Without a demonstration of improvement in quality of life or another marker that suggests clinical benefit, Mori Krantz, University of Colorado, expressed discomfort with approval based on the surrogate marker given the small safety signal.

Importance of Precedence

The majority in the split vote on lixivaptan to treat hyponatremia with SIADH again largely argued for a demonstration of clinical benefit.

This time, taking a positive view on approval, Fried contended that in SIADH patients, lixivaptan addresses the pathophysiology and other treatments are limited.

In the absence of a safety signal and a larger difference in treatment effect, lixivaptan garnered two votes for approval based on use of the same endpoint for Vaprisol and Samsca.

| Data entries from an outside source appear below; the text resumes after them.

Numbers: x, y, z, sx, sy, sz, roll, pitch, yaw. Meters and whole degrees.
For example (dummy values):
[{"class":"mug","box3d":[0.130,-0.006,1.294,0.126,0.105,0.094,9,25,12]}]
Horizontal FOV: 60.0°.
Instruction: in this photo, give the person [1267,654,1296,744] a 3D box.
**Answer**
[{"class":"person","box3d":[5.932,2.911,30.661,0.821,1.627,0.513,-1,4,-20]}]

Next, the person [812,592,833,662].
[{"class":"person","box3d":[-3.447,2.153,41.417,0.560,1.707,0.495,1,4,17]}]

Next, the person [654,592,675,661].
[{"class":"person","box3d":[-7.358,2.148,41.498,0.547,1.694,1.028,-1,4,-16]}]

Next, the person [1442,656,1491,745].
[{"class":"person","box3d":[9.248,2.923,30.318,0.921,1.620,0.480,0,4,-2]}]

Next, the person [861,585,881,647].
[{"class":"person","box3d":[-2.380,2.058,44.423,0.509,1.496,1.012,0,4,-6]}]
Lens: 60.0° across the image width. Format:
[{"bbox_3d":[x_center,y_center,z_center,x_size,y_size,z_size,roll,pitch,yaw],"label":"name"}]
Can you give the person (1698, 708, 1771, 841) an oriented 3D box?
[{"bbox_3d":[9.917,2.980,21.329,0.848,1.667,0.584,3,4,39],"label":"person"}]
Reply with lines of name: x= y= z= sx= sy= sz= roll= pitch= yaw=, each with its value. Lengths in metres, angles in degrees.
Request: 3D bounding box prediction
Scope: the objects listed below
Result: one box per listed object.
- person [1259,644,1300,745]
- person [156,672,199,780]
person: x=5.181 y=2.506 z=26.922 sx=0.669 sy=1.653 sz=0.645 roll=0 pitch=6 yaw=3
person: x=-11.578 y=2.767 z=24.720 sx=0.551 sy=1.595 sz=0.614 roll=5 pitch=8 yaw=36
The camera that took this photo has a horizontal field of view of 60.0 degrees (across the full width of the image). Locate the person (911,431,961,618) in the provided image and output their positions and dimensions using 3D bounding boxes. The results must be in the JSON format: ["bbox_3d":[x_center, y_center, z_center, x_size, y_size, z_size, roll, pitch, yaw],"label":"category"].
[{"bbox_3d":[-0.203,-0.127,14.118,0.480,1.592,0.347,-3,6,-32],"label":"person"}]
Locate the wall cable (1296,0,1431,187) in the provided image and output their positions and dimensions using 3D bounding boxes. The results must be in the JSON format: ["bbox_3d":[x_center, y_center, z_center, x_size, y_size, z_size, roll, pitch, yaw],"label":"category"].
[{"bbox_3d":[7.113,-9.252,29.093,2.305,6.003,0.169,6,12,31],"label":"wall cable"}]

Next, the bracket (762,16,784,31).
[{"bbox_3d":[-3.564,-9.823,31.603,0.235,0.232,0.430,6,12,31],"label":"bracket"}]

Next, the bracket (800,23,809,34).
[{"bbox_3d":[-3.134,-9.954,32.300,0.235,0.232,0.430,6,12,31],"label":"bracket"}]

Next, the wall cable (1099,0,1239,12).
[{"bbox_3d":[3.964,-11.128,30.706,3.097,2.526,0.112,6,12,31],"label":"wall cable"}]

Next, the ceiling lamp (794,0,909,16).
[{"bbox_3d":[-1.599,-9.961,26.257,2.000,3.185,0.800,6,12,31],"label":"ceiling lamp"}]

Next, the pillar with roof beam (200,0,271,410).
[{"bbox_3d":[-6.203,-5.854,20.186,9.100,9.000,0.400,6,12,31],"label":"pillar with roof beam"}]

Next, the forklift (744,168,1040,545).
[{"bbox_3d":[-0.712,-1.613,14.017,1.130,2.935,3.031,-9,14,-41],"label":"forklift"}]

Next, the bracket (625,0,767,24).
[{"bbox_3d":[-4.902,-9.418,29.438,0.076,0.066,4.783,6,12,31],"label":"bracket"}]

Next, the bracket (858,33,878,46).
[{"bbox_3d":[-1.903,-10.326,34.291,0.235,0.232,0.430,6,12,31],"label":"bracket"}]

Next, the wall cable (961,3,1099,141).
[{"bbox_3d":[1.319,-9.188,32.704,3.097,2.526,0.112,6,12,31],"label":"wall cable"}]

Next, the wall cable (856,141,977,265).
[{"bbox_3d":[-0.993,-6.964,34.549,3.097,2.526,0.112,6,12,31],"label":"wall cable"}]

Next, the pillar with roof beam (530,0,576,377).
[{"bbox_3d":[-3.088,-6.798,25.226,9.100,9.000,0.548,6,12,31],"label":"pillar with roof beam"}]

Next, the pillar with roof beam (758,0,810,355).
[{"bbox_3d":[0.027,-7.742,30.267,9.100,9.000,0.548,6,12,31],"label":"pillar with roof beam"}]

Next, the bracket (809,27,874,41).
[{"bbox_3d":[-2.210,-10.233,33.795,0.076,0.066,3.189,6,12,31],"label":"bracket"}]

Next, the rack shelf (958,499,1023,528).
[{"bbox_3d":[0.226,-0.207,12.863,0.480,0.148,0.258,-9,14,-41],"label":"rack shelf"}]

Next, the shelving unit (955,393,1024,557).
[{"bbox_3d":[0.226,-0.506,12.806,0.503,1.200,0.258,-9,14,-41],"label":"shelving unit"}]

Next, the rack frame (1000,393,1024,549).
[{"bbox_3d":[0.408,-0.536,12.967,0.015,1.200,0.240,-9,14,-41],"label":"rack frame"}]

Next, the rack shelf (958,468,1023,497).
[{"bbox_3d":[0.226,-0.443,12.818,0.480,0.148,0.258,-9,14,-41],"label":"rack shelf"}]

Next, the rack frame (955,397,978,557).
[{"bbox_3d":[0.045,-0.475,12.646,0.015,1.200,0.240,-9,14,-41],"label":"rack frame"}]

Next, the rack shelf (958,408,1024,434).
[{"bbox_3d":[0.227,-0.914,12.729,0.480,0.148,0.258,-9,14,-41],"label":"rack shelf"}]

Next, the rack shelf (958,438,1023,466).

“I think that in the absence of a reason to refute or reject a thought-out decision of the past that we should, in a sense of fair play, apply the same rules to a company that went forward prospectively thinking that the ground rules had been established,” committee Chairman A. Michael Lincoff, Cleveland Clinic, explained

To Hospitalize, Or Not

The vaptans must be titrated to prevent overly rapid correction of serum sodium and in one of the studies for hyponatremia with SIADH, Cornerstone collected data to show the drug could be titrated safely at a well monitored site, such as a clinic or long-term care/nursing home facility, but outside the hospital setting. Both conivaptan and tolvaptan are initiated in the hospital.

FDA briefing documents had suggested lixivaptan initiation in the hospital would be the preferable course (Also see "FDA Review Panel For Cornerstone’s Lixivaptan To Consider Safety Of Outpatient Initiation" - Pink Sheet, 11 Sep, 2012.).

If FDA were to approve lixivaptan, panel members generally preferred initiation in a hospital where a patient can be closely monitored and there is the capability for rapid analysis of serum sodium levels, which are required at 8, 24 and 48 hours after the first dose. Fried countered that facilities with point-of-care analysis could be suitable.

Lincoff suggested outpatient titration could be possible “with a very specific, a very strict REMS, not the sort of hand-waving to educate, but the very specific procedures on how it should be done” in a facility where the lab values can be seen quickly.